DATA EXCERPTS below:
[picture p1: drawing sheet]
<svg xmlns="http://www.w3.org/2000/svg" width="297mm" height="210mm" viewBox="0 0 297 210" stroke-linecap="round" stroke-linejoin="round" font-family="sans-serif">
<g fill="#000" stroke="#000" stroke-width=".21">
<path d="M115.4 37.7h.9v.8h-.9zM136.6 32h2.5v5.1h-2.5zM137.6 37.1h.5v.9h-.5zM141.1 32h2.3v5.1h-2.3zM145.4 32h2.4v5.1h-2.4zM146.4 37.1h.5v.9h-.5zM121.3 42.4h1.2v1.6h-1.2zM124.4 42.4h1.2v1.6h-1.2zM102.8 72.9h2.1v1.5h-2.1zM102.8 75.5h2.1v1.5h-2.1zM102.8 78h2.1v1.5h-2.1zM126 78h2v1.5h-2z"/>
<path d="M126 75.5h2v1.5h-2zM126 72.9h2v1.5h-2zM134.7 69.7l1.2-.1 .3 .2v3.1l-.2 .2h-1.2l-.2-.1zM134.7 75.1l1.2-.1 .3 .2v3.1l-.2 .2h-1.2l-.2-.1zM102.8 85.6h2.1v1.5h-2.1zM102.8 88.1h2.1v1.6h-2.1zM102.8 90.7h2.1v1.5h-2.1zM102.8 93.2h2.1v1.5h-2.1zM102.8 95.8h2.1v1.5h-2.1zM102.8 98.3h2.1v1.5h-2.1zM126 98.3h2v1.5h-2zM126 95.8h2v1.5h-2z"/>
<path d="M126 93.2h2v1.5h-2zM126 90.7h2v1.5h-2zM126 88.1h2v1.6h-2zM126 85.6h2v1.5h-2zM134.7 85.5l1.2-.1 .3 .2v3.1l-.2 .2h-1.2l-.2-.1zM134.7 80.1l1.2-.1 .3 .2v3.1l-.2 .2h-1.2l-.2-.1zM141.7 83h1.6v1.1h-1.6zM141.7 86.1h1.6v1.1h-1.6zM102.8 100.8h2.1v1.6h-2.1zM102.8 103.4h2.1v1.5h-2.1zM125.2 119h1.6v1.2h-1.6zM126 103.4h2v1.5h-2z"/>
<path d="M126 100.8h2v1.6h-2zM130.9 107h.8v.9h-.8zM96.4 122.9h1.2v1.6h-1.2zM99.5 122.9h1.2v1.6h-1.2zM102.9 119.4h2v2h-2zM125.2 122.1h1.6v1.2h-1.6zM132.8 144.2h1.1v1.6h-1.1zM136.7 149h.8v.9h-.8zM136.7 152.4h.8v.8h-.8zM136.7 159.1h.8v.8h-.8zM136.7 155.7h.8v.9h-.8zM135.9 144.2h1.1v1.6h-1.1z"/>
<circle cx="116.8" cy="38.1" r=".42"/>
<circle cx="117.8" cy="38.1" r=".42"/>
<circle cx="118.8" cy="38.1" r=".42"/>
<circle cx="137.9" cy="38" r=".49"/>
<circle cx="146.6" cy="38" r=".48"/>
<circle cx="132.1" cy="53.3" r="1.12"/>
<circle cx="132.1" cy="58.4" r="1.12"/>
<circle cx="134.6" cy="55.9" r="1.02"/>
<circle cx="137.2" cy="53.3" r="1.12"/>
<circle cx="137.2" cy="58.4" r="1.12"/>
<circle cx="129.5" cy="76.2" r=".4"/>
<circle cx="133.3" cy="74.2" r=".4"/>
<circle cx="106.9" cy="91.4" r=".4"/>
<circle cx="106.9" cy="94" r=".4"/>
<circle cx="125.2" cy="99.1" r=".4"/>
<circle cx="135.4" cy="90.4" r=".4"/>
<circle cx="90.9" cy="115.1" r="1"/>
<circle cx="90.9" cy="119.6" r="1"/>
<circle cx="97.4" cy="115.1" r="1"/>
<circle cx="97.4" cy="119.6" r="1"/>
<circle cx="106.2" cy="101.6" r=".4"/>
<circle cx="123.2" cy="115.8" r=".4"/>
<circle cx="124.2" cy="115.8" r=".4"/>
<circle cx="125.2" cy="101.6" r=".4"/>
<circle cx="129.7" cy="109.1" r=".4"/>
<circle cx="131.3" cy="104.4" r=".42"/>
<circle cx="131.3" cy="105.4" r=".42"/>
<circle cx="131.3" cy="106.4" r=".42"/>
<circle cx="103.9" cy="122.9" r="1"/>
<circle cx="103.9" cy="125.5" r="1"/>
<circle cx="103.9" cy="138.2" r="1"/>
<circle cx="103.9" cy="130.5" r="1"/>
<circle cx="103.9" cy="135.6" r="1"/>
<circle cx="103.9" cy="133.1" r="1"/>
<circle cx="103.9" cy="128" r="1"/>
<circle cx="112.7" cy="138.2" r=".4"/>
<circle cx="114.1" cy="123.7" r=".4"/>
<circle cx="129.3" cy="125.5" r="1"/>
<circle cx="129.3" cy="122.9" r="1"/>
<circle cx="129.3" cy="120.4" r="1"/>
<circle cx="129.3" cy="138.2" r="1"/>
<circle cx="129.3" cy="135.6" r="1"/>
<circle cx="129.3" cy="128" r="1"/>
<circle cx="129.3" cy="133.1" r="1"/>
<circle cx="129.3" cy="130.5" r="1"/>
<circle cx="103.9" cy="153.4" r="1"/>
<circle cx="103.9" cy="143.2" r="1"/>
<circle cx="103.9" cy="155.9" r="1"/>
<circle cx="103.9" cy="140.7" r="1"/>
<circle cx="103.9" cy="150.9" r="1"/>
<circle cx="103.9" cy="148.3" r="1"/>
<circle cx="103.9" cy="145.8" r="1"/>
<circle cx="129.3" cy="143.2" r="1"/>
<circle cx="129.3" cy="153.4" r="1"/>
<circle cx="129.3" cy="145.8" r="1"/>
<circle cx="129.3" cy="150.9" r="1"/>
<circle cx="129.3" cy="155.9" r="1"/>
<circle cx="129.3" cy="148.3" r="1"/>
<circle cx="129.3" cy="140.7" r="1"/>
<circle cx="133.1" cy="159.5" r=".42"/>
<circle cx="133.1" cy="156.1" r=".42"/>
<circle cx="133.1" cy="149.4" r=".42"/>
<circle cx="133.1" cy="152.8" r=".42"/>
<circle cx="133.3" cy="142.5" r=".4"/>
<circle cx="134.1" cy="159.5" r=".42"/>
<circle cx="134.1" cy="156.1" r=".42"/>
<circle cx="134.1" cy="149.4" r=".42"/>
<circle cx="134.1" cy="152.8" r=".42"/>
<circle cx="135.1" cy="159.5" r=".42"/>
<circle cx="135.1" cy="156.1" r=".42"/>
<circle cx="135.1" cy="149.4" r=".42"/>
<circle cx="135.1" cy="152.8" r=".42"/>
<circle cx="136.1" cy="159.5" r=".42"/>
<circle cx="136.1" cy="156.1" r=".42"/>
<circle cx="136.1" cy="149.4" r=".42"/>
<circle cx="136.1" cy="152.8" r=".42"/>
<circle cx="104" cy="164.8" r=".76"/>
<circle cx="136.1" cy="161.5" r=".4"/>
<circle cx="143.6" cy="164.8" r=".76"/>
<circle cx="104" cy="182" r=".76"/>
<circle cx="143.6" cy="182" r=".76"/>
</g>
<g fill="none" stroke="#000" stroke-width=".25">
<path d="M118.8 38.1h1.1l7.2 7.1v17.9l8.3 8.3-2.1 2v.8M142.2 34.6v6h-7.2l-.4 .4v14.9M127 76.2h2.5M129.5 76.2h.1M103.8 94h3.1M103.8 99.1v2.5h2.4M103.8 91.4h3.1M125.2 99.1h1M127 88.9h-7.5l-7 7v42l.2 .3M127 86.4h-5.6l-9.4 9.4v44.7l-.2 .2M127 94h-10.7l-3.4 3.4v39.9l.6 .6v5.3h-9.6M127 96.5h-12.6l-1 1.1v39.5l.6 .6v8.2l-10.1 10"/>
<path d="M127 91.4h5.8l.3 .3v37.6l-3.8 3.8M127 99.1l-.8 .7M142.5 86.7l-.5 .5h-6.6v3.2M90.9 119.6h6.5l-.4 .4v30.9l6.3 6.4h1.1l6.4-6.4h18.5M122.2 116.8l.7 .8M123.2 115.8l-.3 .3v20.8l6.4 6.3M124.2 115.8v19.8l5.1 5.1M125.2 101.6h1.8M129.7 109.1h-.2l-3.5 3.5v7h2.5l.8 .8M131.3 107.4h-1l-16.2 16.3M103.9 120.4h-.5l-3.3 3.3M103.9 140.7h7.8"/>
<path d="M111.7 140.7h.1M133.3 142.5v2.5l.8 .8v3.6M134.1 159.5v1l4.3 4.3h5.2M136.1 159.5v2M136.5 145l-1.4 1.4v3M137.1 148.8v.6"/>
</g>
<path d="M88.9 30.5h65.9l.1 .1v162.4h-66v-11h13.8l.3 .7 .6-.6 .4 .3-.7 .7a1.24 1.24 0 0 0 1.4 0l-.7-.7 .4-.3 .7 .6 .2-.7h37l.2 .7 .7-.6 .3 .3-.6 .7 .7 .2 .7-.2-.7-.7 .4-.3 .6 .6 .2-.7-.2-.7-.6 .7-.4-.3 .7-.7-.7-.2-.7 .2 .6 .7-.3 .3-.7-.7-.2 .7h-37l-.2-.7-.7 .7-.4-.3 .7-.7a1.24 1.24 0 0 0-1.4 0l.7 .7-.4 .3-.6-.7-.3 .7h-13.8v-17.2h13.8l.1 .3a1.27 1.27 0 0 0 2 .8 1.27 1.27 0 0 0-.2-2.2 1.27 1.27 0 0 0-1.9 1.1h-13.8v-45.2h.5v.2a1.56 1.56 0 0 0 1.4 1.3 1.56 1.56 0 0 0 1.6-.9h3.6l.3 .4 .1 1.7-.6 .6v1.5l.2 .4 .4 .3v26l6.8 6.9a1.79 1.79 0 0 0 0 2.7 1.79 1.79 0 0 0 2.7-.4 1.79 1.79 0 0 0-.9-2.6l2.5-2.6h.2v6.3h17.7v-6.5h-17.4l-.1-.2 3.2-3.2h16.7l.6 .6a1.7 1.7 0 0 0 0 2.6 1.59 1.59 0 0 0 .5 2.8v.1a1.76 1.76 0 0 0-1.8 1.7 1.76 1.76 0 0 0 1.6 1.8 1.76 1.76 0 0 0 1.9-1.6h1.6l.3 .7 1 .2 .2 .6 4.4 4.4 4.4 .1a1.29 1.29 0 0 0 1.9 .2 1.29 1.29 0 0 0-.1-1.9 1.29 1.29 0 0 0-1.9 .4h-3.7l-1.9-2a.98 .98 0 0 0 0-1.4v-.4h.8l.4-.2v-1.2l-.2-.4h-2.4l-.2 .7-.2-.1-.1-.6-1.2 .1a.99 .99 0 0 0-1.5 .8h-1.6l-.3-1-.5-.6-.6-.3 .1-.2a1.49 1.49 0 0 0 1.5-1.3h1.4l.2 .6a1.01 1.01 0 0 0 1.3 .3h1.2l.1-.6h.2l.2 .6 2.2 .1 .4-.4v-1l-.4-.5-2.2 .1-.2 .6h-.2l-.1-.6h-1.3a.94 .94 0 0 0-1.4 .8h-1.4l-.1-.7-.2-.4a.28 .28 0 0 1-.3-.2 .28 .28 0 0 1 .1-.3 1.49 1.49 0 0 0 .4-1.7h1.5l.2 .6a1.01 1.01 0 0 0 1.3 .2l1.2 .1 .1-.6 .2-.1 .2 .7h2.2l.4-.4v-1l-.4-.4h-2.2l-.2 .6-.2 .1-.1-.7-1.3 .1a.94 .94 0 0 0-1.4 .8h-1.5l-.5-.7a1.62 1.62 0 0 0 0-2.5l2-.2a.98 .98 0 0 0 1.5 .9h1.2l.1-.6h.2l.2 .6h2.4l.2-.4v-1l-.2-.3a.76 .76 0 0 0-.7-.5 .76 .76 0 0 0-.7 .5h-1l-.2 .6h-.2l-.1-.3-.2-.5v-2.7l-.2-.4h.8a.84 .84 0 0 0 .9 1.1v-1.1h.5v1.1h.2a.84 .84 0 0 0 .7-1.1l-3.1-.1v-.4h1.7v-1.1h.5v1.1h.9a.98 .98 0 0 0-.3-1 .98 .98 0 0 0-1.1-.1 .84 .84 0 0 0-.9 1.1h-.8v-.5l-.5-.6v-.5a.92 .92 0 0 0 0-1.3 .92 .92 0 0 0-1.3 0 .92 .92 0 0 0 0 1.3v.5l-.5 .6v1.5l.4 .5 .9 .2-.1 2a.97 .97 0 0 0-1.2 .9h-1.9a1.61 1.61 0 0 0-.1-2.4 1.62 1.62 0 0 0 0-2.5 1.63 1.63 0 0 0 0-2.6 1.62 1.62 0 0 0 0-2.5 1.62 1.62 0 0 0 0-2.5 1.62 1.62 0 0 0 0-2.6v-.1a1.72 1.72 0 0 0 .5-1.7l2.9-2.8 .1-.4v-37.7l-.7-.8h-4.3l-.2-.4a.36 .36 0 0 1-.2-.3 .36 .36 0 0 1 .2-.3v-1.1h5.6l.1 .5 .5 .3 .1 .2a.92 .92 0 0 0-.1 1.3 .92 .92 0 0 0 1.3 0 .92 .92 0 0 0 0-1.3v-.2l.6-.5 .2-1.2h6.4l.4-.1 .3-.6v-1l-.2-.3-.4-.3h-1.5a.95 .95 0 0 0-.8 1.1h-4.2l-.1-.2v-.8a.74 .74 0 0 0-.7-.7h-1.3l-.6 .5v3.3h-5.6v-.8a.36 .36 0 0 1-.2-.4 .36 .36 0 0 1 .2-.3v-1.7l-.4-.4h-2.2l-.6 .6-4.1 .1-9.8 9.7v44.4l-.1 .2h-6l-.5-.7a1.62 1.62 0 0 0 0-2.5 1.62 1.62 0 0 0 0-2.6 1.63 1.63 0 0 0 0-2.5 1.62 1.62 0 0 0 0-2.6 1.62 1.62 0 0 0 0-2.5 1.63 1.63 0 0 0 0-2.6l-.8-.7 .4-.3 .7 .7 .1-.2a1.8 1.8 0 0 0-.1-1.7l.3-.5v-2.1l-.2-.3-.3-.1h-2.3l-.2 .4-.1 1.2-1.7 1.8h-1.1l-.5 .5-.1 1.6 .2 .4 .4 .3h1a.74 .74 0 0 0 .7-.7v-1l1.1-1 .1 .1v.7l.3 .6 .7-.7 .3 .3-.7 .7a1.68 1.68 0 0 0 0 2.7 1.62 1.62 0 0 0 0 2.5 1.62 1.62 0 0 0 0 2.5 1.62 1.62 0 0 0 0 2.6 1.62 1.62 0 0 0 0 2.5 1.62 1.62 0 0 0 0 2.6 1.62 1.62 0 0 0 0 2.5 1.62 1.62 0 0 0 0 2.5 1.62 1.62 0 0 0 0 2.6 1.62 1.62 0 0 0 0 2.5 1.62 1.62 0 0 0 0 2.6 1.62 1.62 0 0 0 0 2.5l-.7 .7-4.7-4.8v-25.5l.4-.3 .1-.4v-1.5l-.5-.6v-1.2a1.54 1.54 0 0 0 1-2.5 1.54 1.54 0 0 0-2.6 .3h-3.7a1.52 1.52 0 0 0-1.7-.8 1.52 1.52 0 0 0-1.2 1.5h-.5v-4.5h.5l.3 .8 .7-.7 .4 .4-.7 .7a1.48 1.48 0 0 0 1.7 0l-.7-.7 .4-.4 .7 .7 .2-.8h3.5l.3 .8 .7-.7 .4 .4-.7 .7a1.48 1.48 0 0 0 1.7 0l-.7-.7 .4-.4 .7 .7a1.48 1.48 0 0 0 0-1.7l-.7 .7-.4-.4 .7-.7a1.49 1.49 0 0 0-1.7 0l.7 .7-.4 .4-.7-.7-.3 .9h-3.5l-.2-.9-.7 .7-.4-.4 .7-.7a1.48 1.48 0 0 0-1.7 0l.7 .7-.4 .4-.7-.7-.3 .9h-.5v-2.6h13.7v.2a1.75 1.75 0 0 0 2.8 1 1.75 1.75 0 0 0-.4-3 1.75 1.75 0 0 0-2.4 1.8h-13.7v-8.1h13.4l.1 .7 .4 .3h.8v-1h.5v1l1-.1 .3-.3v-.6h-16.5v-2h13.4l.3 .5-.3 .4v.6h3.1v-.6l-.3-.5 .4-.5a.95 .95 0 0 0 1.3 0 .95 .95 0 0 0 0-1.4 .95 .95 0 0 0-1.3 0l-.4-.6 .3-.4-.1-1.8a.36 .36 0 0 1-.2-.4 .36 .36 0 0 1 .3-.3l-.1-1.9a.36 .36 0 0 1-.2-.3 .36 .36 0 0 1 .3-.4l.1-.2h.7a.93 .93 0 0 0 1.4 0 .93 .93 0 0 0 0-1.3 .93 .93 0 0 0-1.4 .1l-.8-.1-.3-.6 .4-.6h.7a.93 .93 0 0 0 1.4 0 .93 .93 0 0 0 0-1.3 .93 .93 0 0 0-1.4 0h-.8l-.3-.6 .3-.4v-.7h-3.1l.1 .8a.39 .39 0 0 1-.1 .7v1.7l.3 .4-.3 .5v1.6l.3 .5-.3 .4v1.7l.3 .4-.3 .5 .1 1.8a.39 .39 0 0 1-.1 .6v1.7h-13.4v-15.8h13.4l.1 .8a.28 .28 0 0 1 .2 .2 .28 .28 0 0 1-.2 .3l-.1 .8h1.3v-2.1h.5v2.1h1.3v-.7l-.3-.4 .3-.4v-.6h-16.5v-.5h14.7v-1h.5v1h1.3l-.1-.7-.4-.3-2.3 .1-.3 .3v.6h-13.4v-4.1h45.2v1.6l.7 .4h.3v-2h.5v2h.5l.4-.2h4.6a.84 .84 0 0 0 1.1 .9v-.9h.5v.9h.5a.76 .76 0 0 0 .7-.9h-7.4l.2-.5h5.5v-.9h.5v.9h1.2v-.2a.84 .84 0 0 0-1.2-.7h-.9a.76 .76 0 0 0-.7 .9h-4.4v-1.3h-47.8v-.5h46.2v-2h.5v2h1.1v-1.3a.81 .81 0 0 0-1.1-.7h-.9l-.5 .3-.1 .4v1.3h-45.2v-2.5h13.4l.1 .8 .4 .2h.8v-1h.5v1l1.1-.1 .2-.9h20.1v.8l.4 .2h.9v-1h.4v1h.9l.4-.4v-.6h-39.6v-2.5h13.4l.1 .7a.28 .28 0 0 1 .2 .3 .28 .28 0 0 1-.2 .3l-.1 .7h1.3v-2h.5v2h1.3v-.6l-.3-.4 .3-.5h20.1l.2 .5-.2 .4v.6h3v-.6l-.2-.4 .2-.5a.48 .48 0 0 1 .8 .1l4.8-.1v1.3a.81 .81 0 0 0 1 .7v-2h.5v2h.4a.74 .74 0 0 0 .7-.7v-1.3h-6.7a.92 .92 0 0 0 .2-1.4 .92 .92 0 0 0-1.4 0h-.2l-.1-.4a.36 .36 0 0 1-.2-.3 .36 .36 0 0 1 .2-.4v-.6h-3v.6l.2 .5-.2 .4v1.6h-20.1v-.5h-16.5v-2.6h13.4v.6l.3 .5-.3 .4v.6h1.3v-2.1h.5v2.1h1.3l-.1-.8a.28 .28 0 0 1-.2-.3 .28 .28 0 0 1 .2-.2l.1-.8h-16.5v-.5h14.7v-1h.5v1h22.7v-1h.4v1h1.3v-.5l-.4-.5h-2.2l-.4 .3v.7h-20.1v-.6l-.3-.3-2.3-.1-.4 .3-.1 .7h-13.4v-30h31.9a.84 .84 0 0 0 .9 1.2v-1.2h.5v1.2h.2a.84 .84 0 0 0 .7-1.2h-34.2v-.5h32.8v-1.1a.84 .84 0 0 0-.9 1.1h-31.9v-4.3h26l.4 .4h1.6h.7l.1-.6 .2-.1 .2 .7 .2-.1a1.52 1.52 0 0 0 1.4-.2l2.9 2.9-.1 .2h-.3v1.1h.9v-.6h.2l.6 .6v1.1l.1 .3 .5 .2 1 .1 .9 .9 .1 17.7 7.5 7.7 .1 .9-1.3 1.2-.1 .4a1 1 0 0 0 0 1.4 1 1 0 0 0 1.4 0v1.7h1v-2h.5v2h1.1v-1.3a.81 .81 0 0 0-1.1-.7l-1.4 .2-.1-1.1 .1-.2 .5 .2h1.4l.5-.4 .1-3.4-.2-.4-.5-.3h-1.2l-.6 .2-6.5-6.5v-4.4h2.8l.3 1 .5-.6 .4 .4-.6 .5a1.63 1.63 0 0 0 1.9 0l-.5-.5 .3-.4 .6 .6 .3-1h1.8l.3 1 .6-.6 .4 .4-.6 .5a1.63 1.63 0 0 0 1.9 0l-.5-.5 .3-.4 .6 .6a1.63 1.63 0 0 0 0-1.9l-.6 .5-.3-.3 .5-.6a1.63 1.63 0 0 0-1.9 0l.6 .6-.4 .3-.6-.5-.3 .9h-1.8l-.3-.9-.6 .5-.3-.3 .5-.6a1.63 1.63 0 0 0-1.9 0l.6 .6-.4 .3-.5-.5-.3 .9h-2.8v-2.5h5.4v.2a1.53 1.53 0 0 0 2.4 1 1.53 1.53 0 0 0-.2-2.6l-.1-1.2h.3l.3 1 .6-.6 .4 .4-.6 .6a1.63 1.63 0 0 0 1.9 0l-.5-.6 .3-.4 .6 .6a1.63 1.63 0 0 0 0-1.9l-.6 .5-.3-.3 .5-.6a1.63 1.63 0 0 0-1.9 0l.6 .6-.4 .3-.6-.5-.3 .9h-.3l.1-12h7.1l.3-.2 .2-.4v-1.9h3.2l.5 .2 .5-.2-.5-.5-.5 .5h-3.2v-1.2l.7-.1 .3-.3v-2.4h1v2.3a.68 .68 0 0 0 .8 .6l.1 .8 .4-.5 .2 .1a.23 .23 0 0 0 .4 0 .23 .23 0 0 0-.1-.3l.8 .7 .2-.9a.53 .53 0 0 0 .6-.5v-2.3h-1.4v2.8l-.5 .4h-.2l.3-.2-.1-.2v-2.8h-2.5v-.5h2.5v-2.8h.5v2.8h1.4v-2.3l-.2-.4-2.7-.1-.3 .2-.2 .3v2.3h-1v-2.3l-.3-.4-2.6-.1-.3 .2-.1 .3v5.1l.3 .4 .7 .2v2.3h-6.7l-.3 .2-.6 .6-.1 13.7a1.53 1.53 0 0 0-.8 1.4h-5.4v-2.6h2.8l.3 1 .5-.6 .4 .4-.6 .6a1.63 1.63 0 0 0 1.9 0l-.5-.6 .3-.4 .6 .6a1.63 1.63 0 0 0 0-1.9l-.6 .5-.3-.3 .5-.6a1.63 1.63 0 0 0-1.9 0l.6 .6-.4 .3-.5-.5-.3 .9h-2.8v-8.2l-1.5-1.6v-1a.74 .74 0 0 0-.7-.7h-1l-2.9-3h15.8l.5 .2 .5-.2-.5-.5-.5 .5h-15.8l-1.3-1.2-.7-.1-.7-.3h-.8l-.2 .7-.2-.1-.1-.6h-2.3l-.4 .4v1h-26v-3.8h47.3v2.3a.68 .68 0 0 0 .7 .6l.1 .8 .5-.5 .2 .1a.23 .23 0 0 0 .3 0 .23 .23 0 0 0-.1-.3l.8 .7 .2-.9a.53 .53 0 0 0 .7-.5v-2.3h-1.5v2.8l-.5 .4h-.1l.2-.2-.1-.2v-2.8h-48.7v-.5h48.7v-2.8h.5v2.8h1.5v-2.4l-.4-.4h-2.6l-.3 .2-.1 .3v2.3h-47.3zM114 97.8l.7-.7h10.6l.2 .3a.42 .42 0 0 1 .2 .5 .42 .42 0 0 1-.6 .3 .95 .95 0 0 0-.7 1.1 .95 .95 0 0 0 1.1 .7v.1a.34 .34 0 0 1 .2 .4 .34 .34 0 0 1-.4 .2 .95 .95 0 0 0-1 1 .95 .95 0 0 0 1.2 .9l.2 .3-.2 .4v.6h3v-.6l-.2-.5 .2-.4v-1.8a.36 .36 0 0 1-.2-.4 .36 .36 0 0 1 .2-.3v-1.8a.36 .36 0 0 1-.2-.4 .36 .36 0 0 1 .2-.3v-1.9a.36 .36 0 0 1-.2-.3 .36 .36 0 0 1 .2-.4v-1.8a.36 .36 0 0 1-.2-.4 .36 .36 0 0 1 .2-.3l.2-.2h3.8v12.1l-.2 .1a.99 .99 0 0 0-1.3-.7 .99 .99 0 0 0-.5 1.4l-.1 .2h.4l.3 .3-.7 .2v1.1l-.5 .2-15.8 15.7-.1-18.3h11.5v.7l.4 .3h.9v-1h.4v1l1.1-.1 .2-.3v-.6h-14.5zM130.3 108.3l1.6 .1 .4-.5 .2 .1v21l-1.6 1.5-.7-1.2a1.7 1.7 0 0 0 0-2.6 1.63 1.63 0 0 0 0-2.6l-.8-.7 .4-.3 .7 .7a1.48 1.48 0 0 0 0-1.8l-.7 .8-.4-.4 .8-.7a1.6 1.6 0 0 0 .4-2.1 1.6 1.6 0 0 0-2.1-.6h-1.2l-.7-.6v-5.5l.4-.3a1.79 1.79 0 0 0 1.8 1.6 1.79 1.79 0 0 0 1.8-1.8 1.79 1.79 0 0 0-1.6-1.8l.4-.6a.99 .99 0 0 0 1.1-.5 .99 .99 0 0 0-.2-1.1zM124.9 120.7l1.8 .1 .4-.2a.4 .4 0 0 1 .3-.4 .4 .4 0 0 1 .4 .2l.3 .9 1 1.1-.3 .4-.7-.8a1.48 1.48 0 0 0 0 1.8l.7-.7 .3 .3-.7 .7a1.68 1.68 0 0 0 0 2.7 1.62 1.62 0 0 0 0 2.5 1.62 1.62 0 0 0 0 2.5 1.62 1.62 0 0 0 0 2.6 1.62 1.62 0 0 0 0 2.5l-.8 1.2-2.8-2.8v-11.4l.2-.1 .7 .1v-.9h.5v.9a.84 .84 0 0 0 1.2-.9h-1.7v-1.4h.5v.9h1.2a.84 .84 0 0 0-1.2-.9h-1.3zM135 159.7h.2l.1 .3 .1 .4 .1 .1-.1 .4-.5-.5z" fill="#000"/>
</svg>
End of DATA EXCERPTS.
### WHAT THE TASK REQUIRES
Please state how many lines hold the string "width" in the listing above, giving the figure alone.

### SOLUTION TO THIS TASK
3